*EXERCISE BRIEF:* Write out exactly the lines from the one that contains "5) bicyclist at [97, 625, 112, 644]" down to the last line of the material below, keeping both ends and omitting pictures.

------ GIVEN ENTRIES ------

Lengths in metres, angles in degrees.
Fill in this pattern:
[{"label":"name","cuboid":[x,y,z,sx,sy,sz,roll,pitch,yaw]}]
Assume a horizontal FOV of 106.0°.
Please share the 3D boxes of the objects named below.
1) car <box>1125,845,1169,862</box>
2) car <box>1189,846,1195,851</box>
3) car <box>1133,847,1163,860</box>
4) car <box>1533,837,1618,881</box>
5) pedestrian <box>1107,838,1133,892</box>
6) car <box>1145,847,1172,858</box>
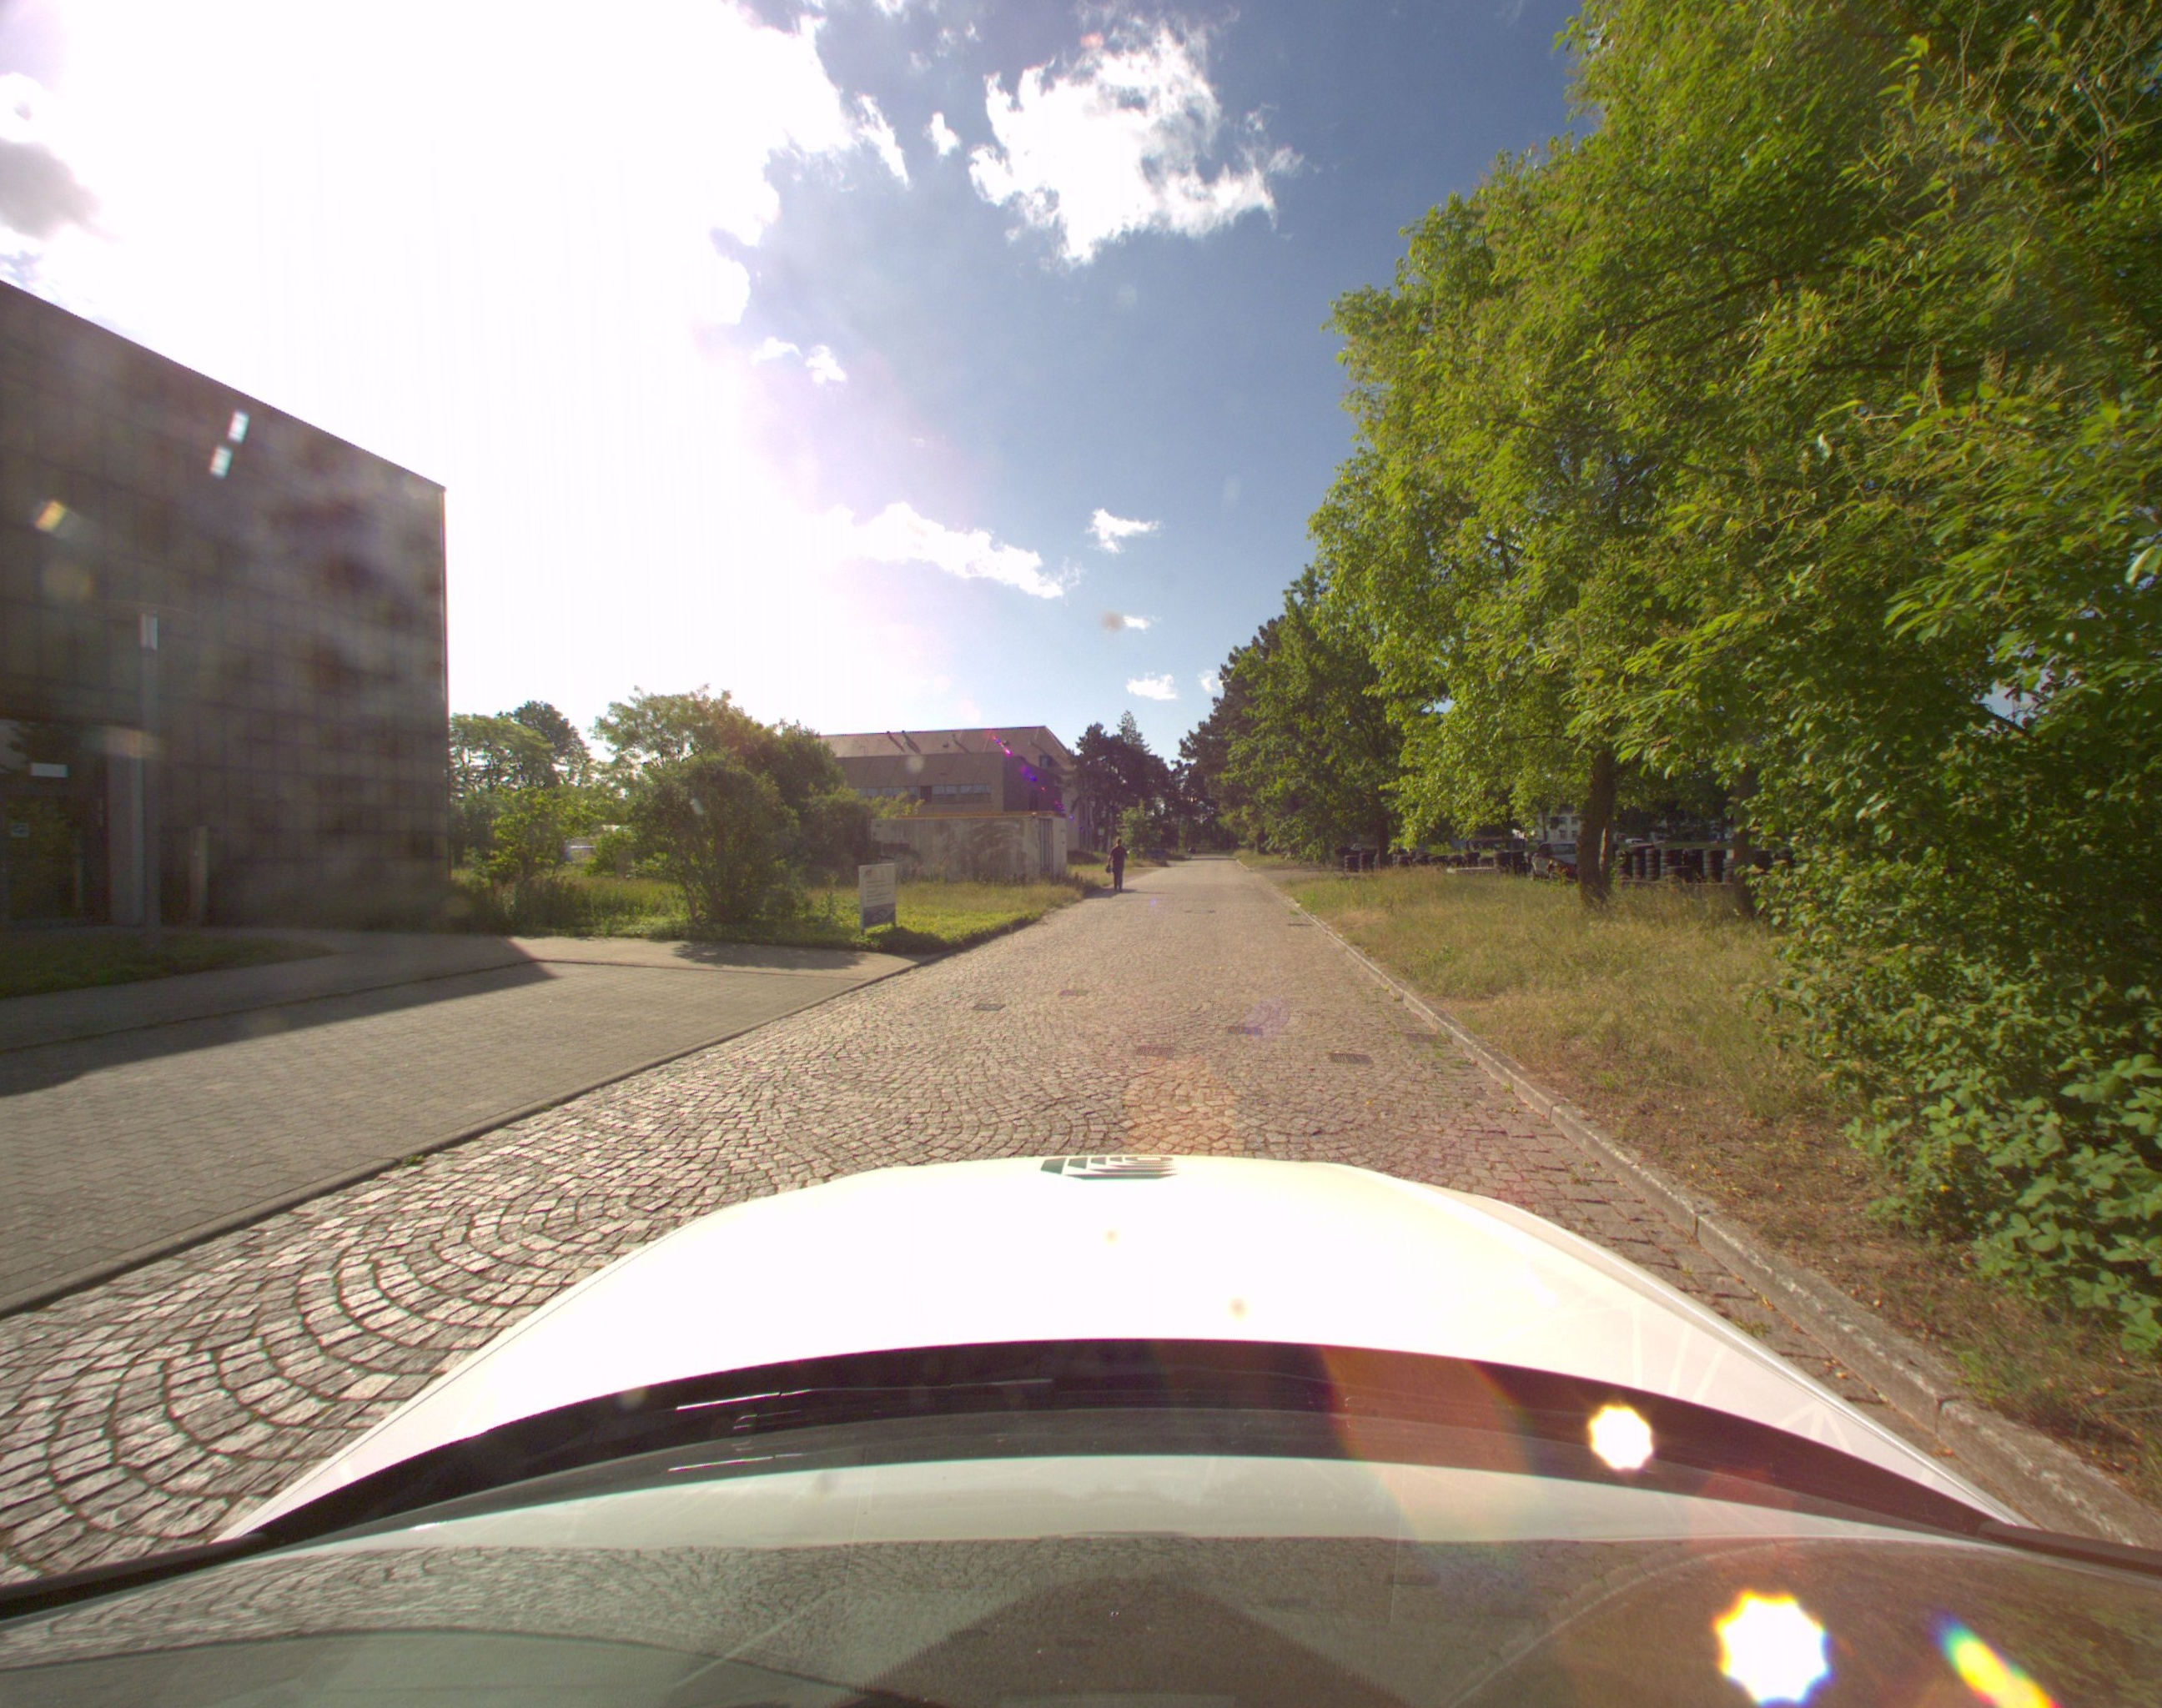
[{"label":"car","cuboid":[5.812,-0.052,71.753,3.813,1.441,1.586,-1,0,7]},{"label":"car","cuboid":[26.397,-1.286,192.920,1.362,1.099,2.869,-1,0,7]},{"label":"car","cuboid":[6.485,-0.059,78.937,2.892,1.259,1.288,-1,0,0]},{"label":"car","cuboid":[16.679,0.151,27.641,1.529,1.407,3.592,-1,0,15]},{"label":"pedestrian","cuboid":[1.339,0.362,27.941,0.790,1.780,1.071,1,0,8]},{"label":"car","cuboid":[8.393,-0.161,88.248,2.844,1.206,1.374,-1,0,0]}]
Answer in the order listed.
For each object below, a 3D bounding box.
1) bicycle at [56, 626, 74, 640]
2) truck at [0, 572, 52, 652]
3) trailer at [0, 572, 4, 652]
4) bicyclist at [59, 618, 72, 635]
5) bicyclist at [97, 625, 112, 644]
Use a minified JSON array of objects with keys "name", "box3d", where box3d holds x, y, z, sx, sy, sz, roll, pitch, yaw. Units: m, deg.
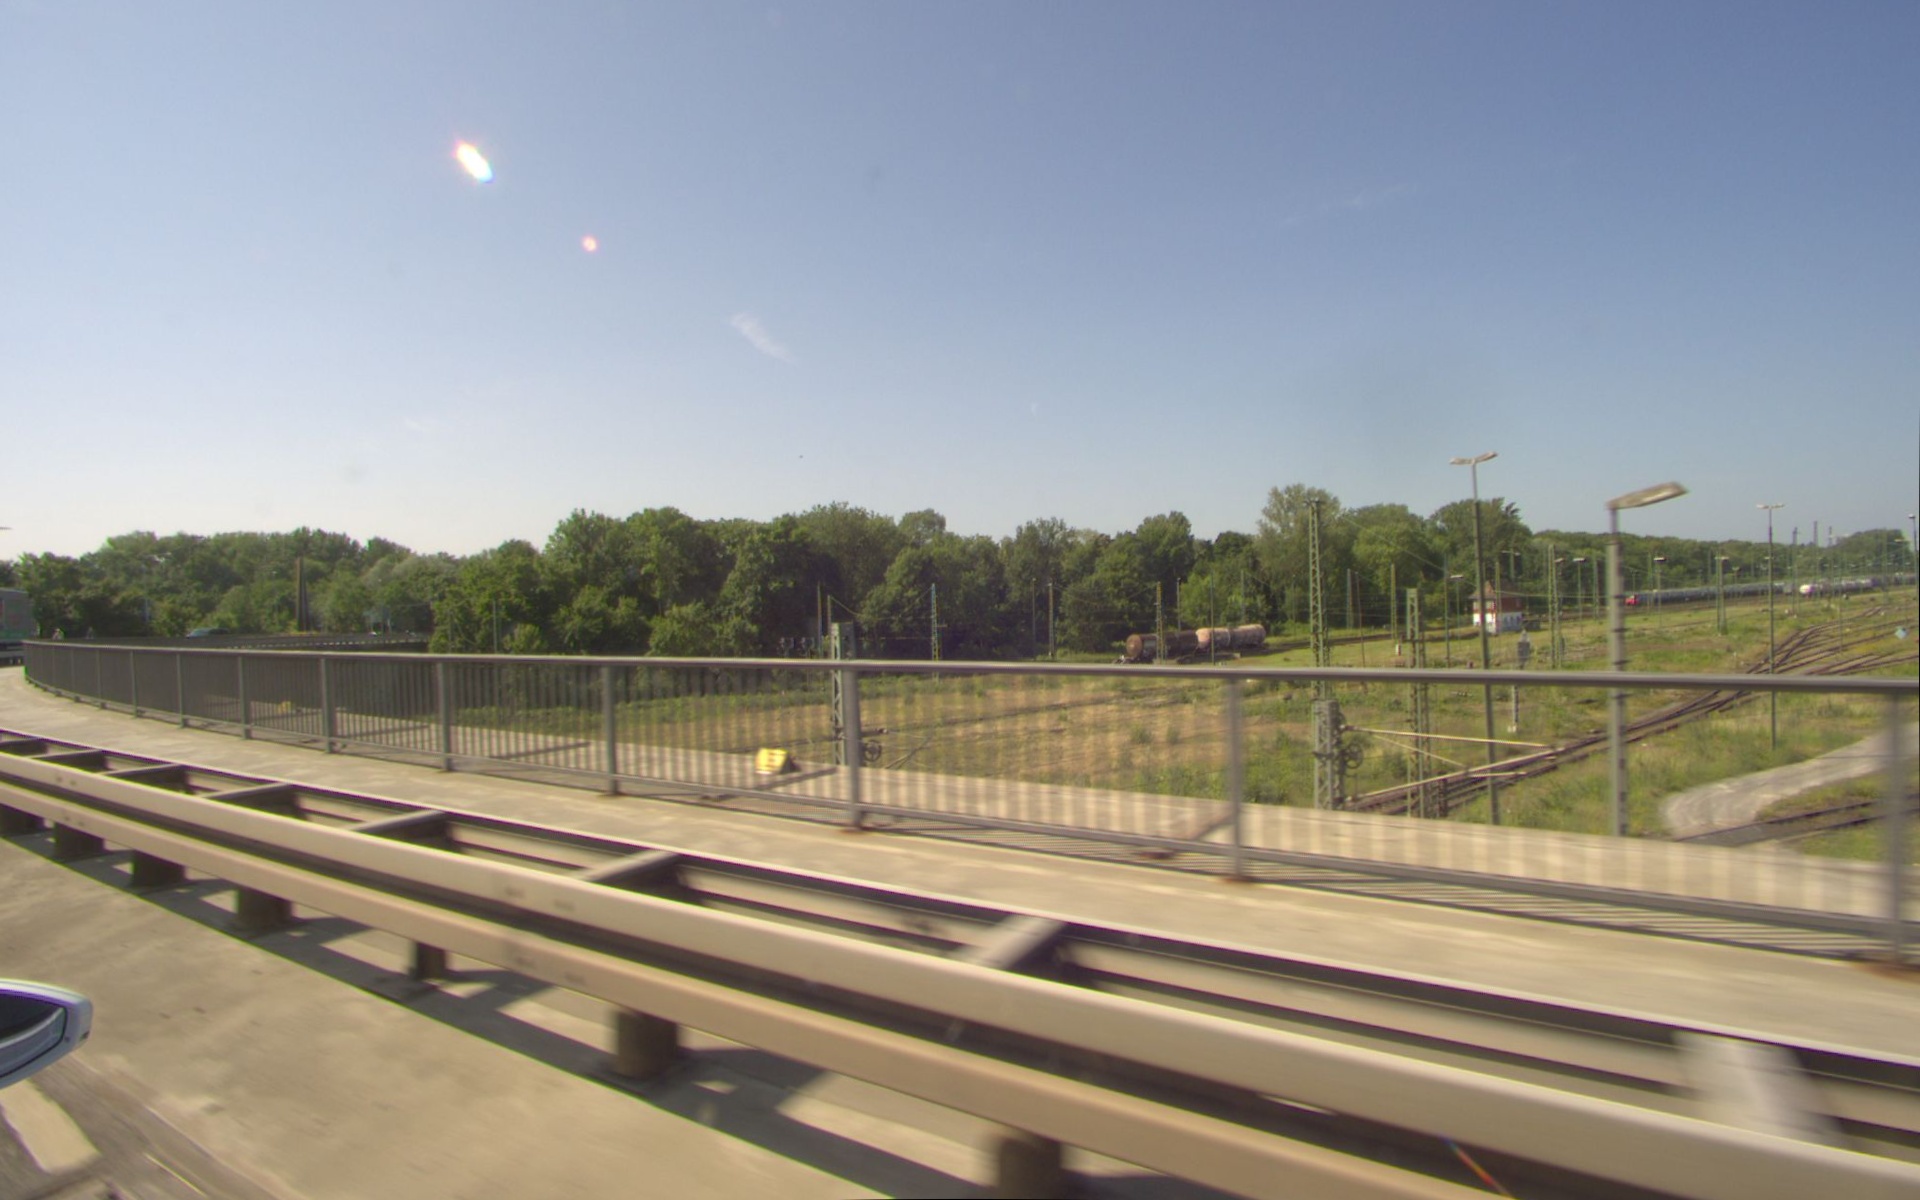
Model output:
[{"name":"bicycle","box3d":[-70.770,2.637,79.201,0.566,1.060,1.703,-2,1,-24]},{"name":"truck","box3d":[-48.980,0.560,50.307,3.226,3.806,8.325,2,-2,-30]},{"name":"trailer","box3d":[-44.886,0.487,43.484,3.191,3.806,7.779,2,-2,-32]},{"name":"bicyclist","box3d":[-70.733,2.076,79.157,0.482,1.345,0.943,0,-2,-25]},{"name":"bicyclist","box3d":[-70.505,2.860,82.535,0.651,1.516,1.013,0,1,-21]}]

------

*ANSWER TO THIS TASK:*
5) bicyclist at [97, 625, 112, 644]
Use a minified JSON array of objects with keys "name", "box3d", where box3d holds x, y, z, sx, sy, sz, roll, pitch, yaw. Units: m, deg.
Model output:
[{"name":"bicycle","box3d":[-70.770,2.637,79.201,0.566,1.060,1.703,-2,1,-24]},{"name":"truck","box3d":[-48.980,0.560,50.307,3.226,3.806,8.325,2,-2,-30]},{"name":"trailer","box3d":[-44.886,0.487,43.484,3.191,3.806,7.779,2,-2,-32]},{"name":"bicyclist","box3d":[-70.733,2.076,79.157,0.482,1.345,0.943,0,-2,-25]},{"name":"bicyclist","box3d":[-70.505,2.860,82.535,0.651,1.516,1.013,0,1,-21]}]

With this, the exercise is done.